Wolfram mathworld writes it as $\bigcup_{ [a]\in U } a$ which doesn't make any sense to me. I've never really felt comfortable with these formulas.
Hi Muon , welcome to MHB,

Let's pick an example.

Suppose we pick $X=\{1,2\}$ and $\tau_X = \{\varnothing, X\} = \{\varnothing, \{1,2\}\}$.
And let's pick an equivalence relation such that $[1]=\{1,2\}$.
Then we get $Y=\{[1]\}$ and $\tau_Y = \{ \varnothing, Y \} = \{\varnothing, \{[1]\}\} = \{\varnothing, \{\{1,2\}\}\}$.

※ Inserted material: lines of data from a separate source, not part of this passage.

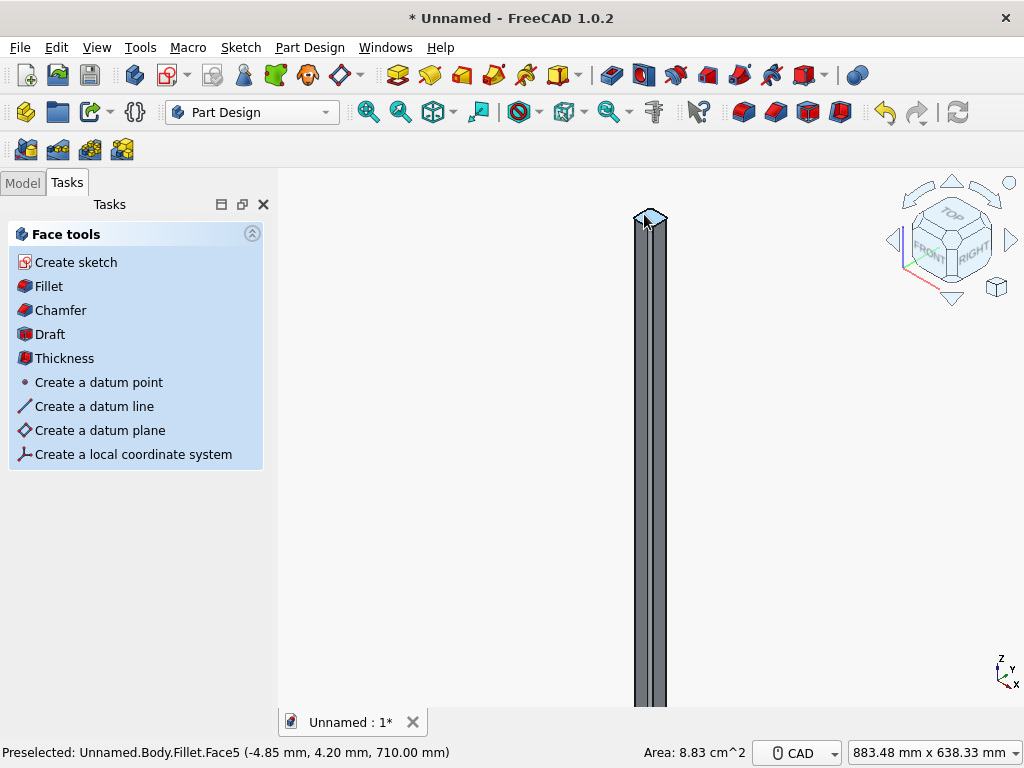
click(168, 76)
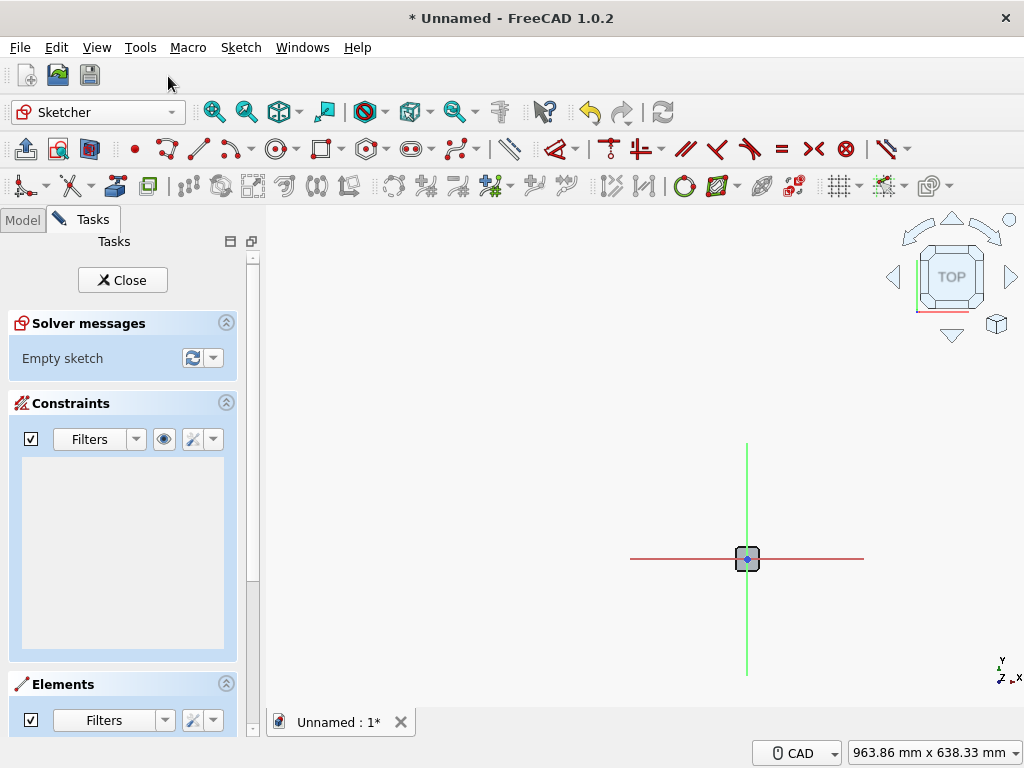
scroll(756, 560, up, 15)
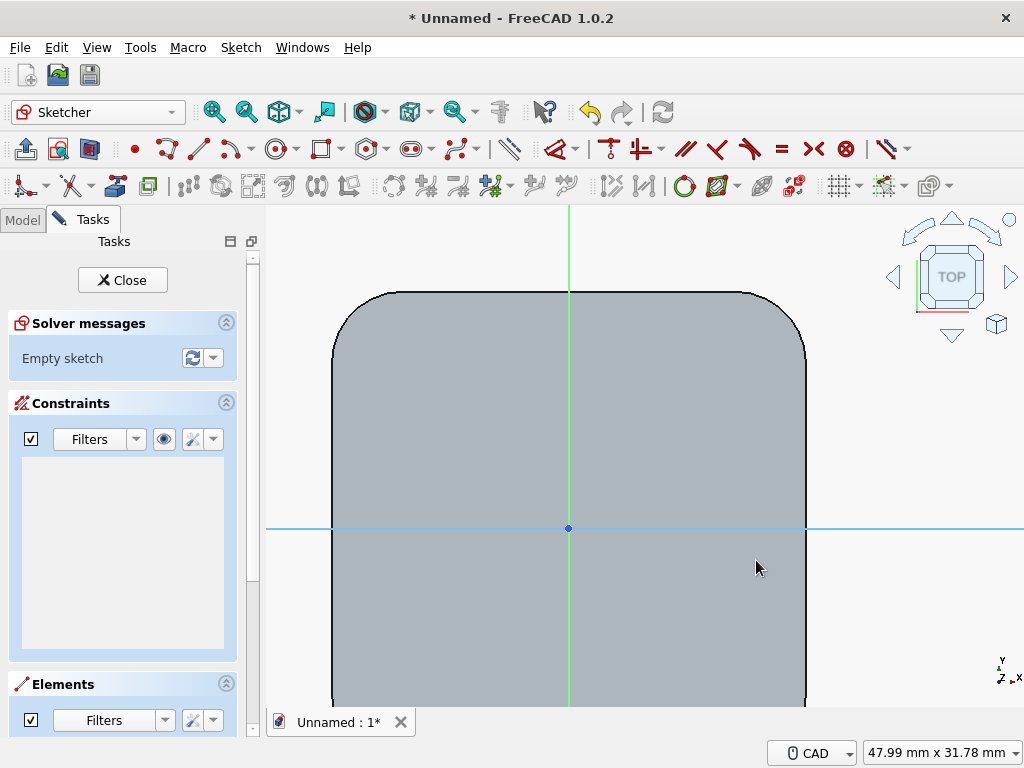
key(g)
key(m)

Let $U=Y=\{[1]\}$, then $\bigcup_{ [a]\in U }\left\{[a]\right\} = \{[1]\} = \{\{1,2\}\}$, but that's not an element of $\tau_X$ is it?
However, with the definition we get $\bigcup_{ {[a]\in U} }[a] = [1] = \{1,2\}$, which is indeed an element of $\tau_X$.
Wolfram mathworld seems to have a typo, since we'd get $1$ (although that's not even properly defined), which is not in $\tau_X$ either.
I can only assume that when they write $a$, when it is already established that $a$ is an equivalence class, that the equivalence class is intended, since $a$ on its own doesn't have any meaning.